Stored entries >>
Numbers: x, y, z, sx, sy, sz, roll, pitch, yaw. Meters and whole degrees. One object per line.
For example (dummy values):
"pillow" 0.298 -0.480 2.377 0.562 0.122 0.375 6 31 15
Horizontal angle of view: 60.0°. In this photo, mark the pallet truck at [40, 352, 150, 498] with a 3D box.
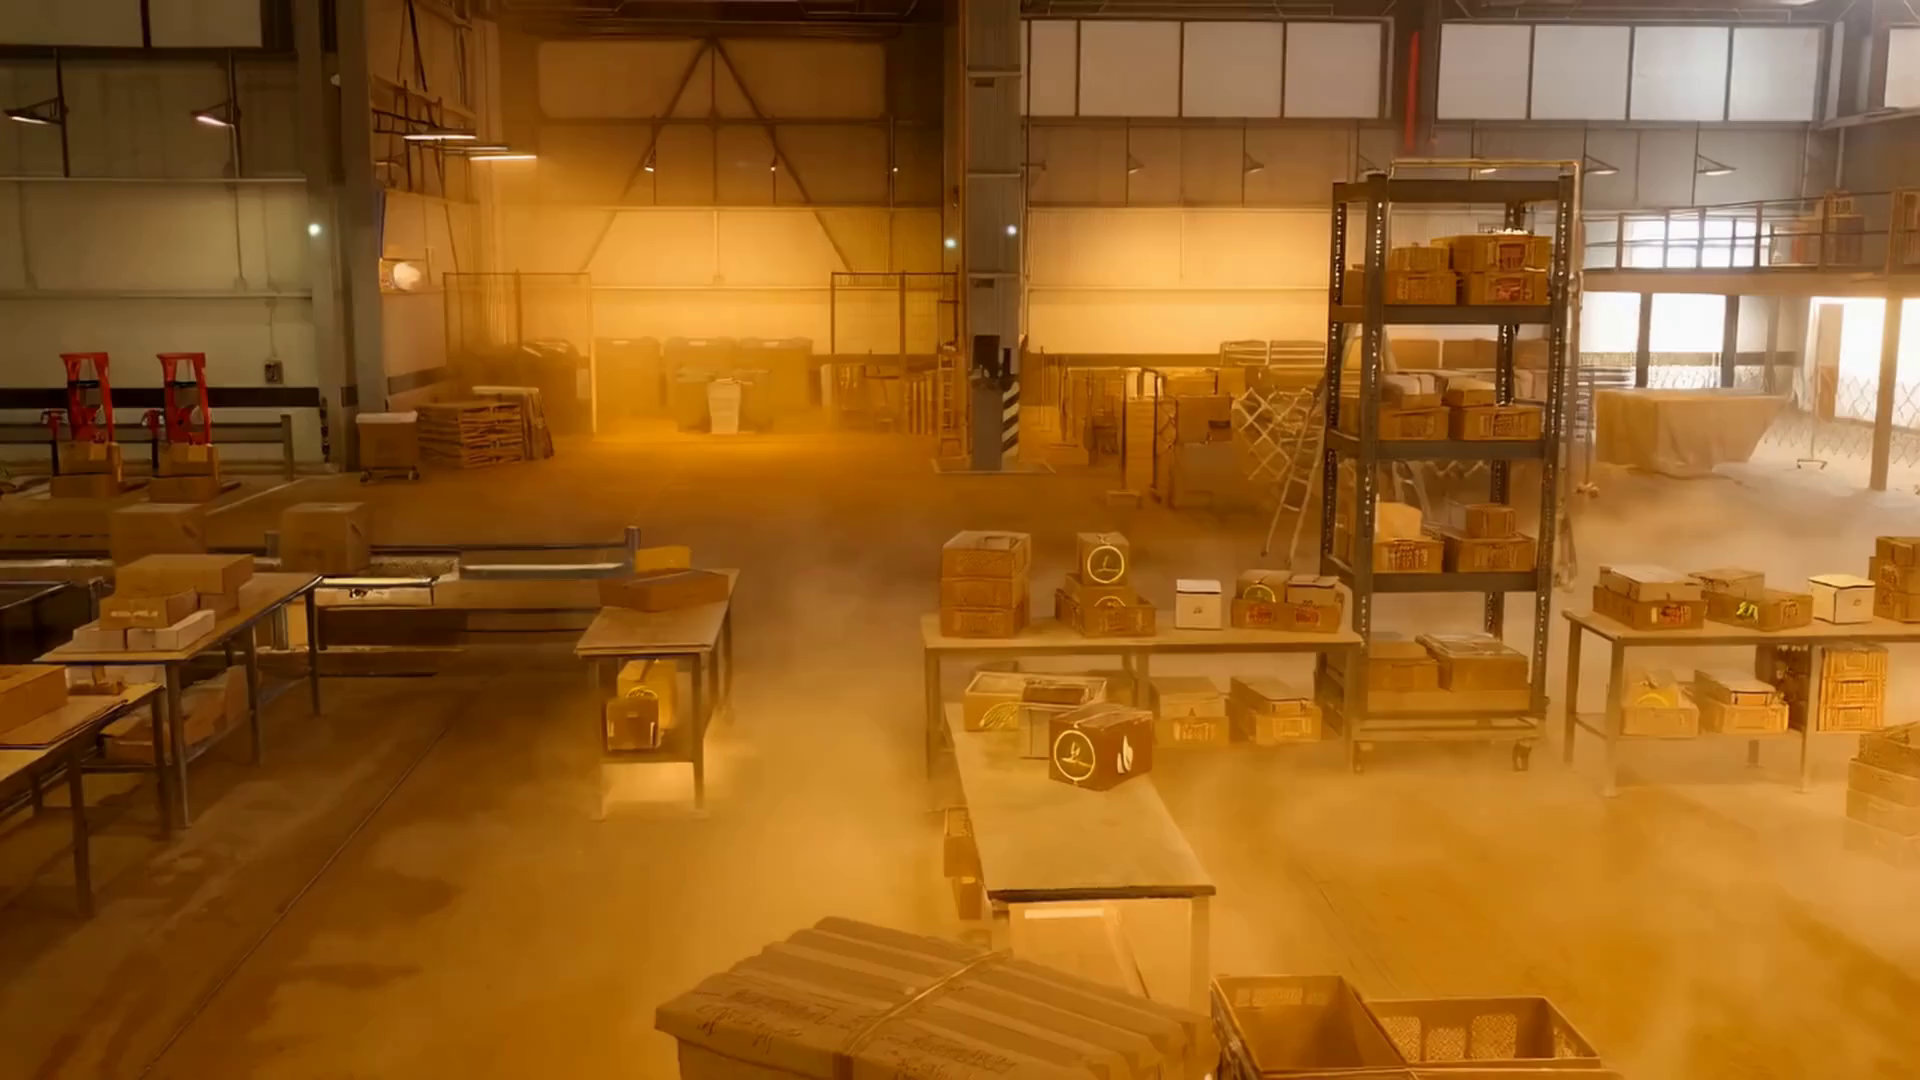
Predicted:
"pallet truck" -11.907 -1.642 23.165 0.823 1.965 1.885 0 9 0

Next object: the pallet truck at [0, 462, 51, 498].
"pallet truck" -13.193 -1.293 23.148 0.653 1.274 1.630 -1 9 -4

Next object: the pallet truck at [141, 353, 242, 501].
"pallet truck" -10.520 -1.604 22.925 0.823 1.965 1.885 -1 9 -6

Goal of the exercise >> Only the lines from the one containing "Horizontal angle of" through the last line of the data may appear in the answer, each given again exactly and with pictures left out.

Answer to this task >>
Horizontal angle of view: 60.0°. In this photo, mark the pallet truck at [40, 352, 150, 498] with a 3D box.
Predicted:
"pallet truck" -11.907 -1.642 23.165 0.823 1.965 1.885 0 9 0

Next object: the pallet truck at [0, 462, 51, 498].
"pallet truck" -13.193 -1.293 23.148 0.653 1.274 1.630 -1 9 -4

Next object: the pallet truck at [141, 353, 242, 501].
"pallet truck" -10.520 -1.604 22.925 0.823 1.965 1.885 -1 9 -6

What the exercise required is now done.